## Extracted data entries
*** Begin section ***

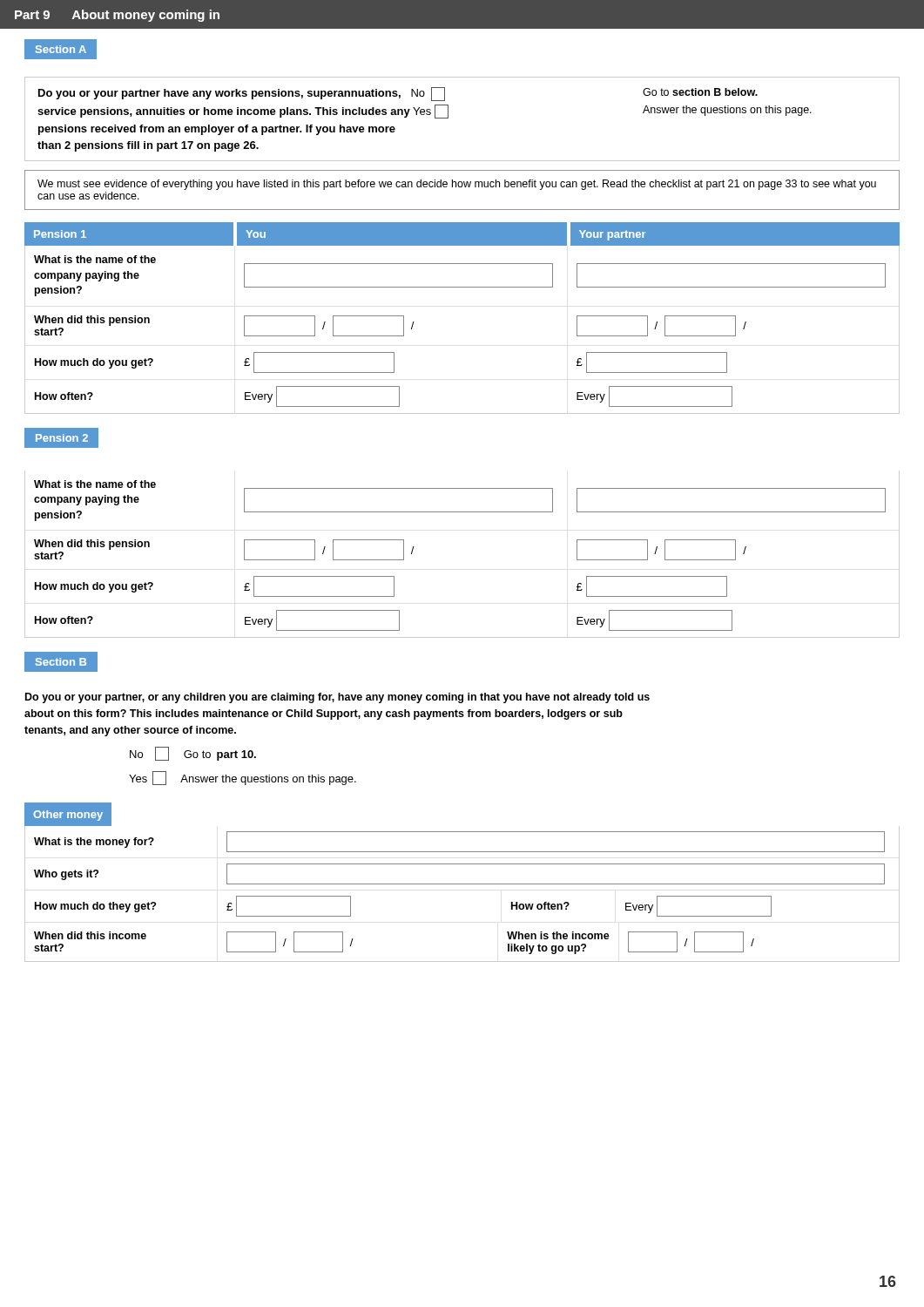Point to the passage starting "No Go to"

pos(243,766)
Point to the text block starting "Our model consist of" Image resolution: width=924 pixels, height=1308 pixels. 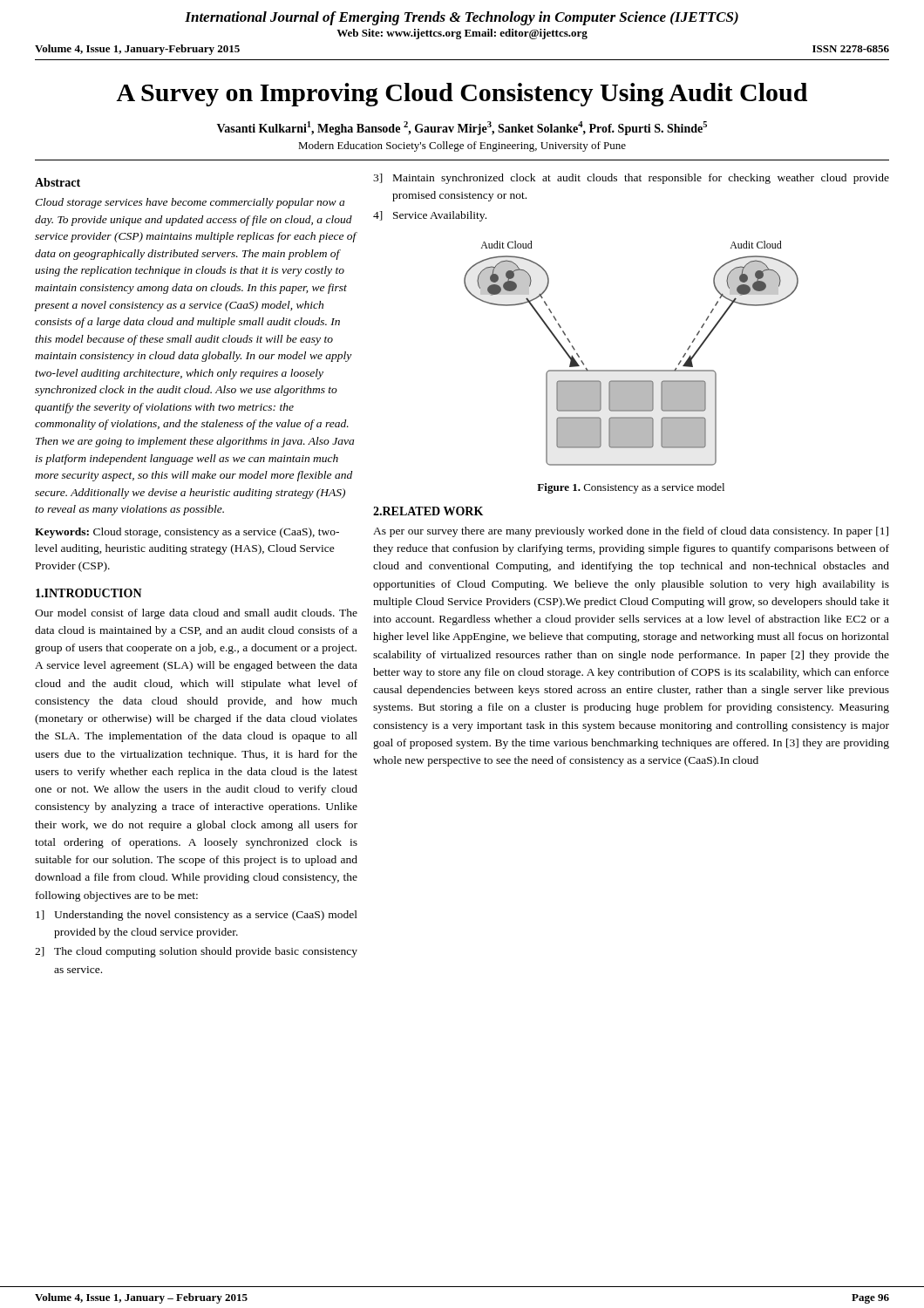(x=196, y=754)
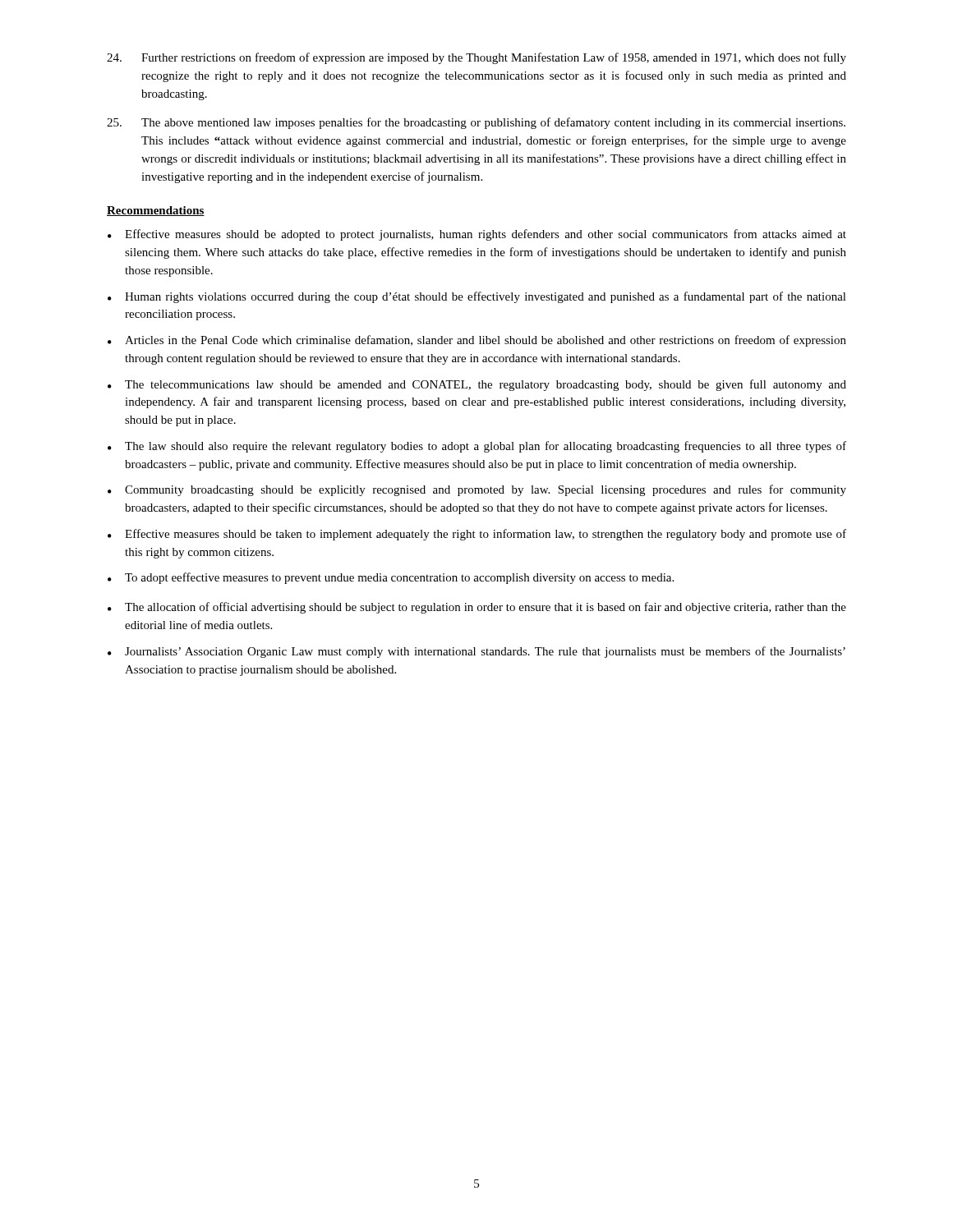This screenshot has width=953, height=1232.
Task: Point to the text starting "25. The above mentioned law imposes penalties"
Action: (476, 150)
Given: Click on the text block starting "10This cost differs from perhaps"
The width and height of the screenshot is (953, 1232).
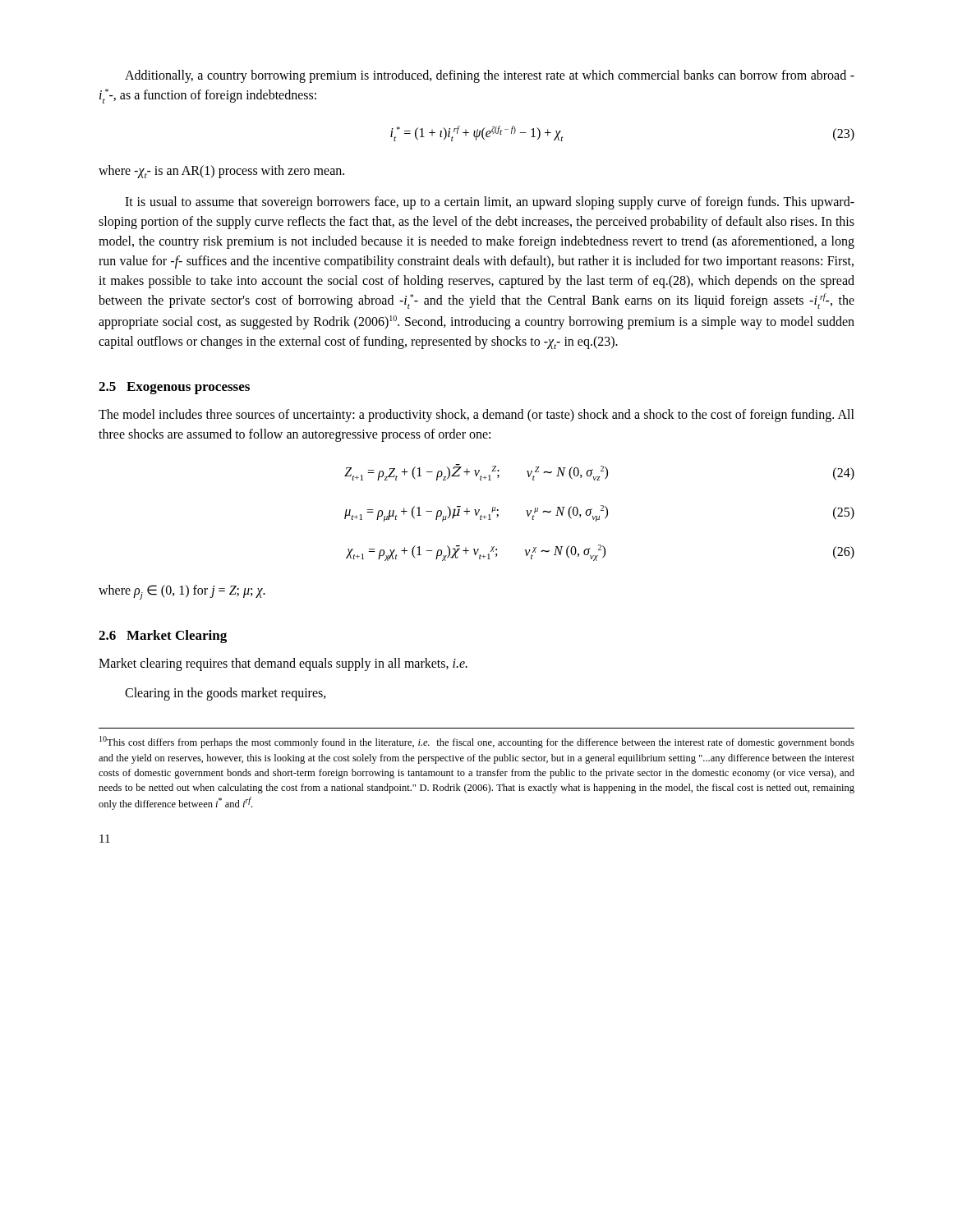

*** End section ***

Please repeat exactly the lines from the one containing "Given: Click on" through the last line of the records, both included, and leave out the pictures.

Given: Click on the text block starting "10This cost differs from perhaps"
The width and height of the screenshot is (953, 1232).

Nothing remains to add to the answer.